Work item = Write out each line of the entries below that holds the word "units".

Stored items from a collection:

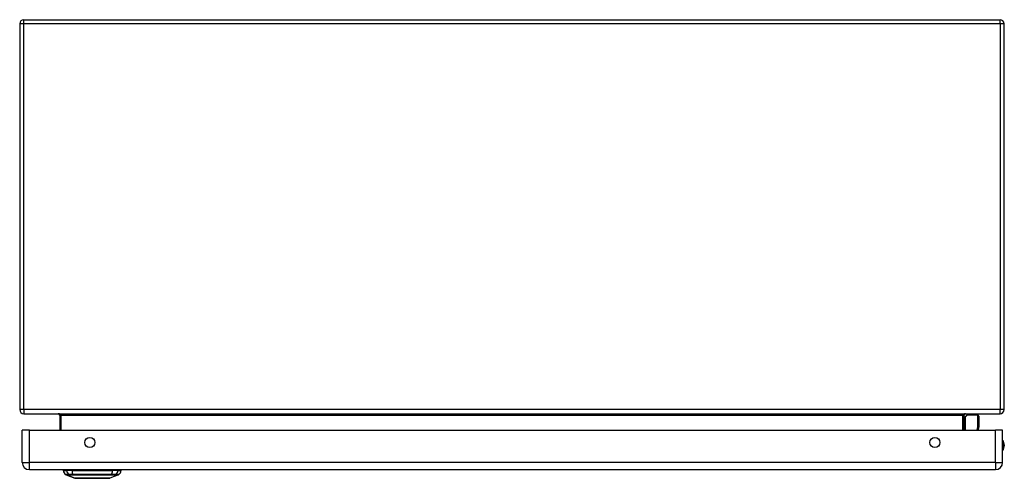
# Model space of a CAD drawing. Header units: inches. Extents: x 10 to 135, y 9 to 88.
# Tile 1 of 9: x 10 to 30, y 9 to 18. Entities that reach past the tile are written whole.
import ezdxf

# ---------------------------------------------------------------- set-up
doc = ezdxf.new("R2010")
doc.units = ezdxf.units.IN
doc.header["$MEASUREMENT"] = 0
doc.layers.add('Visible Edges(ANSI)', color=7, linetype='Continuous', lineweight=25)
doc.layers.add('Visible Tangent Edges(ANSI)', color=7, linetype='Continuous', lineweight=25)

msp = doc.modelspace()

# ---------------------------------------------------------------- linework, layer by layer
at = {"layer": 'Visible Edges(ANSI)'}
for p, q in [((10.482, 18.433), (30.314, 18.433)), ((10.398, 18.349), (10.398, 10.517)), ((30.398, 10.517), (30.398, 18.349)), ((10.482, 10.433), (30.314, 10.433)), ((11.211, 10.402), (11.211, 10.099)), ((29.584, 10.099), (29.584, 10.402)), ((29.86, 10.403), (29.644, 10.403)), ((29.59, 10.358), (29.63, 10.397)), ((29.88, 10.383), (29.88, 10.159)), ((10.448, 9.445), (10.448, 10.099)), ((10.594, 10.099), (10.448, 10.099)), ((10.594, 10.099), (30.22, 10.099)), ((29.879, 10.156), (29.868, 10.099)), ((30.366, 10.099), (30.22, 10.099)), ((30.366, 9.445), (30.366, 10.099)), ((10.594, 9.299), (30.22, 9.299)), ((11.281, 9.283), (11.349, 9.283)), ((11.46, 9.283), (11.349, 9.283)), ((11.46, 9.283), (12.284, 9.283)), ((11.472, 9.287), (11.472, 9.299)), ((12.256, 9.287), (12.256, 9.299)), ((12.394, 9.283), (12.284, 9.283)), ((12.394, 9.283), (12.462, 9.283)), ((11.515, 9.128), (11.341, 9.196)), ((12.165, 9.123), (11.579, 9.123)), ((12.403, 9.196), (12.229, 9.128))]:
    msp.add_line(p, q, dxfattribs=at)
at = {"layer": 'Visible Edges(ANSI)', "flags": 128}
msp.add_lwpolyline([(11.517, 9.128), (11.517, 9.128), (11.518, 9.128), (11.521, 9.128), (11.524, 9.128), (11.527, 9.128), (11.532, 9.128), (11.538, 9.128), (11.544, 9.128), (11.551, 9.128), (11.559, 9.128), (11.567, 9.128), (11.577, 9.128), (11.587, 9.128), (11.597, 9.128), (11.609, 9.128), (11.621, 9.128), (11.633, 9.128), (11.647, 9.128), (11.66, 9.128), (11.675, 9.128), (11.689, 9.128), (11.704, 9.128), (11.72, 9.128), (11.736, 9.128), (11.752, 9.128), (11.769, 9.128), (11.786, 9.128), (11.803, 9.128), (11.82, 9.128), (11.837, 9.128), (11.855, 9.128), (11.872, 9.128), (11.89, 9.128), (11.907, 9.128), (11.924, 9.128), (11.942, 9.128), (11.959, 9.128), (11.975, 9.128), (11.992, 9.128), (12.008, 9.128), (12.024, 9.128), (12.04, 9.128), (12.055, 9.128), (12.07, 9.128), (12.084, 9.128), (12.098, 9.128), (12.111, 9.128), (12.123, 9.128), (12.135, 9.128), (12.147, 9.128), (12.157, 9.128), (12.167, 9.128), (12.177, 9.128), (12.185, 9.128), (12.193, 9.128), (12.2, 9.128), (12.206, 9.128), (12.212, 9.128), (12.216, 9.128), (12.22, 9.128), (12.223, 9.128), (12.225, 9.128), (12.227, 9.128), (12.227, 9.128)], dxfattribs=at)
at = {"layer": 'Visible Edges(ANSI)'}
for centre in [(11.823, 9.849), (28.991, 9.849)]:
    msp.add_circle(centre, 0.102, dxfattribs=at)
for centre, radius, start, end in [((10.482, 18.349), 0.084, 90, 180), ((30.314, 18.349), 0.084, 0, 90), ((10.482, 10.517), 0.084, 180, 270), ((11.18, 10.402), 0.031, 0, 90), ((29.615, 10.402), 0.031, 90, 180), ((29.644, 10.383), 0.0197, 90, 135), ((29.86, 10.383), 0.0197, 0, 90), ((30.314, 10.517), 0.084, 270, 0), ((29.604, 10.344), 0.0197, 135, 180), ((29.86, 10.159), 0.0197, 349.0591, 0), ((30.213, 9.791), 0.188, 324.6864, 35.3136), ((10.594, 9.445), 0.146, 180, 270), ((30.22, 9.445), 0.146, 270, 0), ((11.398, 9.299), 0.118, 187.9413, 240.2709), ((11.453, 9.287), 0.0197, 348.463, 0), ((12.275, 9.287), 0.0197, 180, 191.537), ((12.345, 9.299), 0.118, 299.7291, 352.0587), ((11.345, 9.205), 0.00984, 240.2709, 248.7495), ((11.517, 9.133), 0.00492, 248.7495, 269.7912), ((11.579, 9.135), 0.0118, 216.6507, 270), ((12.165, 9.135), 0.0118, 270, 323.3493), ((12.227, 9.133), 0.00492, 270.2088, 291.2505), ((12.399, 9.205), 0.00984, 291.2505, 299.7291)]:
    msp.add_arc(centre, radius, start, end, dxfattribs=at)
at = {"layer": 'Visible Tangent Edges(ANSI)'}
for p, q in [((10.482, 18.349), (10.482, 18.433)), ((30.314, 18.349), (30.314, 18.433)), ((10.482, 18.349), (10.398, 18.349)), ((10.482, 10.517), (10.482, 18.349)), ((30.314, 18.349), (10.482, 18.349)), ((30.398, 18.349), (30.314, 18.349)), ((30.314, 18.349), (30.314, 10.517)), ((10.482, 10.517), (10.398, 10.517)), ((30.314, 10.517), (10.482, 10.517)), ((10.482, 10.517), (10.482, 10.433)), ((11.242, 10.402), (11.211, 10.402)), ((11.242, 10.099), (11.242, 10.402)), ((11.242, 10.402), (29.553, 10.402)), ((29.553, 10.402), (29.584, 10.402)), ((29.553, 10.402), (29.553, 10.099)), ((29.644, 10.403), (29.604, 10.362)), ((29.86, 10.17), (29.86, 10.403)), ((30.398, 10.517), (30.314, 10.517)), ((30.314, 10.433), (30.314, 10.517)), ((29.604, 10.362), (29.604, 10.099)), ((10.594, 9.445), (10.594, 10.099)), ((29.847, 10.099), (29.86, 10.17)), ((30.22, 9.445), (30.22, 10.099)), ((10.448, 9.445), (10.594, 9.445)), ((30.22, 9.445), (10.594, 9.445)), ((10.594, 9.299), (10.594, 9.445)), ((30.22, 9.445), (30.22, 9.299)), ((30.22, 9.445), (30.366, 9.445)), ((11.472, 9.287), (12.255, 9.287)), ((12.255, 9.299), (12.255, 9.287)), ((12.255, 9.287), (12.256, 9.287)), ((11.341, 9.196), (11.515, 9.128)), ((11.406, 9.196), (11.406, 9.196)), ((11.48, 9.196), (11.48, 9.196)), ((12.264, 9.196), (12.264, 9.196)), ((12.337, 9.196), (12.338, 9.196))]:
    msp.add_line(p, q, dxfattribs=at)
at = {"layer": 'Visible Tangent Edges(ANSI)', "flags": 128}
for points in [[(11.404, 9.197), (11.399, 9.197), (11.394, 9.197), (11.389, 9.197), (11.385, 9.197), (11.38, 9.197), (11.376, 9.197), (11.372, 9.197), (11.369, 9.197), (11.365, 9.197), (11.362, 9.197), (11.359, 9.197), (11.356, 9.197), (11.353, 9.197), (11.351, 9.197), (11.349, 9.197), (11.347, 9.197), (11.345, 9.197), (11.344, 9.197), (11.343, 9.197), (11.342, 9.197), (11.341, 9.197), (11.34, 9.197), (11.34, 9.197), (11.34, 9.197)], [(11.341, 9.196), (11.341, 9.196), (11.342, 9.196), (11.342, 9.196), (11.343, 9.196), (11.344, 9.196), (11.345, 9.196), (11.347, 9.196), (11.348, 9.196), (11.35, 9.196), (11.352, 9.196), (11.355, 9.196), (11.358, 9.196), (11.36, 9.196), (11.363, 9.196), (11.367, 9.196), (11.37, 9.196), (11.374, 9.196), (11.378, 9.196), (11.382, 9.196), (11.387, 9.196), (11.391, 9.196), (11.396, 9.196), (11.401, 9.196), (11.406, 9.196)], [(11.479, 9.197), (11.475, 9.197), (11.47, 9.197), (11.466, 9.197), (11.462, 9.197), (11.458, 9.197), (11.454, 9.197), (11.45, 9.197), (11.447, 9.197), (11.443, 9.197), (11.439, 9.197), (11.436, 9.197), (11.433, 9.197), (11.43, 9.197), (11.427, 9.197), (11.424, 9.197), (11.421, 9.197), (11.418, 9.197), (11.416, 9.197), (11.414, 9.197), (11.411, 9.197), (11.409, 9.197), (11.408, 9.197), (11.406, 9.197), (11.404, 9.197)], [(11.406, 9.196), (11.408, 9.196), (11.41, 9.196), (11.411, 9.196), (11.413, 9.196), (11.416, 9.196), (11.418, 9.196), (11.42, 9.196), (11.423, 9.196), (11.426, 9.196), (11.428, 9.196), (11.431, 9.196), (11.435, 9.196), (11.438, 9.196), (11.441, 9.196), (11.445, 9.196), (11.448, 9.196), (11.452, 9.196), (11.455, 9.196), (11.459, 9.196), (11.463, 9.196), (11.467, 9.196), (11.471, 9.196), (11.475, 9.196), (11.48, 9.196)], [(12.265, 9.197), (12.233, 9.197), (12.201, 9.197), (12.169, 9.197), (12.136, 9.197), (12.104, 9.197), (12.071, 9.197), (12.038, 9.197), (12.004, 9.197), (11.971, 9.197), (11.938, 9.197), (11.904, 9.197), (11.871, 9.197), (11.838, 9.197), (11.805, 9.197), (11.771, 9.197), (11.738, 9.197), (11.705, 9.197), (11.672, 9.197), (11.64, 9.197), (11.607, 9.197), (11.575, 9.197), (11.542, 9.197), (11.51, 9.197), (11.479, 9.197)], [(11.48, 9.196), (11.511, 9.196), (11.543, 9.196), (11.575, 9.196), (11.608, 9.196), (11.64, 9.196), (11.673, 9.196), (11.706, 9.196), (11.739, 9.196), (11.772, 9.196), (11.805, 9.196), (11.838, 9.196), (11.871, 9.196), (11.904, 9.196), (11.938, 9.196), (11.971, 9.196), (12.004, 9.196), (12.037, 9.196), (12.07, 9.196), (12.103, 9.196), (12.136, 9.196), (12.168, 9.196), (12.2, 9.196), (12.232, 9.196), (12.264, 9.196)], [(11.597, 9.128), (11.591, 9.128), (11.585, 9.128), (11.579, 9.128), (11.573, 9.128), (11.567, 9.128), (11.562, 9.128), (11.557, 9.128), (11.552, 9.128), (11.548, 9.128), (11.544, 9.128), (11.54, 9.128), (11.536, 9.128), (11.533, 9.128), (11.53, 9.128), (11.527, 9.128), (11.525, 9.128), (11.522, 9.128), (11.52, 9.128), (11.519, 9.128), (11.517, 9.128), (11.516, 9.128), (11.516, 9.128), (11.515, 9.128), (11.515, 9.128)], [(11.644, 9.128), (11.642, 9.128), (11.64, 9.128), (11.638, 9.128), (11.636, 9.128), (11.634, 9.128), (11.632, 9.128), (11.63, 9.128), (11.628, 9.128), (11.626, 9.128), (11.624, 9.128), (11.622, 9.128), (11.62, 9.128), (11.618, 9.128), (11.616, 9.128), (11.614, 9.128), (11.612, 9.128), (11.61, 9.128), (11.608, 9.128), (11.606, 9.128), (11.605, 9.128), (11.603, 9.128), (11.601, 9.128), (11.599, 9.128), (11.597, 9.128)], [(12.099, 9.128), (12.083, 9.128), (12.066, 9.128), (12.049, 9.128), (12.031, 9.128), (12.012, 9.128), (11.993, 9.128), (11.973, 9.128), (11.953, 9.128), (11.933, 9.128), (11.913, 9.128), (11.893, 9.128), (11.872, 9.128), (11.851, 9.128), (11.831, 9.128), (11.81, 9.128), (11.79, 9.128), (11.77, 9.128), (11.751, 9.128), (11.732, 9.128), (11.713, 9.128), (11.695, 9.128), (11.677, 9.128), (11.66, 9.128), (11.644, 9.128)], [(12.147, 9.128), (12.145, 9.128), (12.143, 9.128), (12.141, 9.128), (12.139, 9.128), (12.137, 9.128), (12.136, 9.128), (12.134, 9.128), (12.132, 9.128), (12.13, 9.128), (12.128, 9.128), (12.126, 9.128), (12.124, 9.128), (12.122, 9.128), (12.12, 9.128), (12.118, 9.128), (12.116, 9.128), (12.114, 9.128), (12.112, 9.128), (12.11, 9.128), (12.108, 9.128), (12.106, 9.128), (12.104, 9.128), (12.102, 9.128), (12.099, 9.128)], [(12.229, 9.128), (12.229, 9.128), (12.228, 9.128), (12.227, 9.128), (12.226, 9.128), (12.225, 9.128), (12.223, 9.128), (12.222, 9.128), (12.219, 9.128), (12.217, 9.128), (12.214, 9.128), (12.211, 9.128), (12.207, 9.128), (12.204, 9.128), (12.2, 9.128), (12.196, 9.128), (12.191, 9.128), (12.187, 9.128), (12.182, 9.128), (12.176, 9.128), (12.171, 9.128), (12.165, 9.128), (12.159, 9.128), (12.153, 9.128), (12.147, 9.128)], [(12.264, 9.196), (12.269, 9.196), (12.273, 9.196), (12.277, 9.196), (12.281, 9.196), (12.285, 9.196), (12.288, 9.196), (12.292, 9.196), (12.296, 9.196), (12.299, 9.196), (12.303, 9.196), (12.306, 9.196), (12.309, 9.196), (12.312, 9.196), (12.315, 9.196), (12.318, 9.196), (12.321, 9.196), (12.323, 9.196), (12.326, 9.196), (12.328, 9.196), (12.33, 9.196), (12.332, 9.196), (12.334, 9.196), (12.336, 9.196), (12.337, 9.196)], [(12.339, 9.197), (12.338, 9.197), (12.336, 9.197), (12.334, 9.197), (12.332, 9.197), (12.33, 9.197), (12.328, 9.197), (12.325, 9.197), (12.323, 9.197), (12.32, 9.197), (12.317, 9.197), (12.314, 9.197), (12.311, 9.197), (12.308, 9.197), (12.304, 9.197), (12.301, 9.197), (12.297, 9.197), (12.293, 9.197), (12.29, 9.197), (12.286, 9.197), (12.282, 9.197), (12.278, 9.197), (12.274, 9.197), (12.269, 9.197), (12.265, 9.197)], [(12.338, 9.196), (12.343, 9.196), (12.348, 9.196), (12.353, 9.196), (12.357, 9.196), (12.362, 9.196), (12.366, 9.196), (12.37, 9.196), (12.374, 9.196), (12.377, 9.196), (12.38, 9.196), (12.383, 9.196), (12.386, 9.196), (12.389, 9.196), (12.391, 9.196), (12.393, 9.196), (12.395, 9.196), (12.397, 9.196), (12.399, 9.196), (12.4, 9.196), (12.401, 9.196), (12.402, 9.196), (12.402, 9.196), (12.403, 9.196), (12.403, 9.196)], [(12.404, 9.197), (12.404, 9.197), (12.404, 9.197), (12.403, 9.197), (12.402, 9.197), (12.401, 9.197), (12.4, 9.197), (12.399, 9.197), (12.397, 9.197), (12.395, 9.197), (12.393, 9.197), (12.39, 9.197), (12.388, 9.197), (12.385, 9.197), (12.382, 9.197), (12.379, 9.197), (12.375, 9.197), (12.372, 9.197), (12.368, 9.197), (12.363, 9.197), (12.359, 9.197), (12.355, 9.197), (12.35, 9.197), (12.345, 9.197), (12.339, 9.197)]]:
    msp.add_lwpolyline(points, dxfattribs=at)
at = {"layer": 'Visible Tangent Edges(ANSI)'}
for centre, radius, start, end in [((30.213, 9.791), 0.168, 335.7439, 24.2561), ((11.517, 9.133), 0.00492, 248.7495, 269.7912)]:
    msp.add_arc(centre, radius, start, end, dxfattribs=at)
for centre, major_axis, ratio, start_param, end_param in [((11.18, 10.402), (0.062, 0), 0.5, 0, 1.570796), ((29.615, 10.402), (-0.062, 0), 0.5, 4.712389, 6.283185), ((29.604, 10.344), (-0.0197, 0), 0.91745, 4.712389, 6.283185), ((29.604, 10.344), (-0.0139, 0.0139), 0.852462, 5.41831, 6.283185), ((29.86, 10.159), (0.0197, 0), 0.533433, 0, 1.570796), ((29.86, 10.159), (0.0193, -0.0037), 0.526442, 0, 1.672214), ((11.46, 9.299), (0, -0.118), 0.946806, 4.850991, 5.760348), ((11.498, 9.299), (0, -0.118), 0.321806, 4.850991, 5.760348), ((12.274, 9.287), (0, -0.0197), 0.959551, 4.712389, 4.913747), ((12.246, 9.299), (0, -0.118), 0.321806, 0.522838, 1.432195), ((12.284, 9.299), (0, -0.118), 0.946806, 0.522838, 1.432195), ((11.409, 9.205), (0.00009, -0.00984), 0.948405, 5.751701, 5.992347), ((11.48, 9.205), (-0.00003, -0.00984), 0.317047, 5.761322, 6.001968), ((11.579, 9.135), (0, -0.0118), 0.97182, 5.352125, 6.283185), ((12.165, 9.135), (0, -0.0118), 0.97182, 0, 0.931061), ((12.263, 9.205), (0.00003, -0.00984), 0.317047, 0.281217, 0.521863), ((12.335, 9.205), (-0.00009, -0.00984), 0.948405, 0.290838, 0.531485)]:
    msp.add_ellipse(centre, major_axis=major_axis, ratio=ratio, start_param=start_param, end_param=end_param, dxfattribs=at)

doc.saveas('drawing.dxf')

Solved problem =
# Model space of a CAD drawing. Header units: inches. Extents: x 10 to 135, y 9 to 88.
doc.units = ezdxf.units.IN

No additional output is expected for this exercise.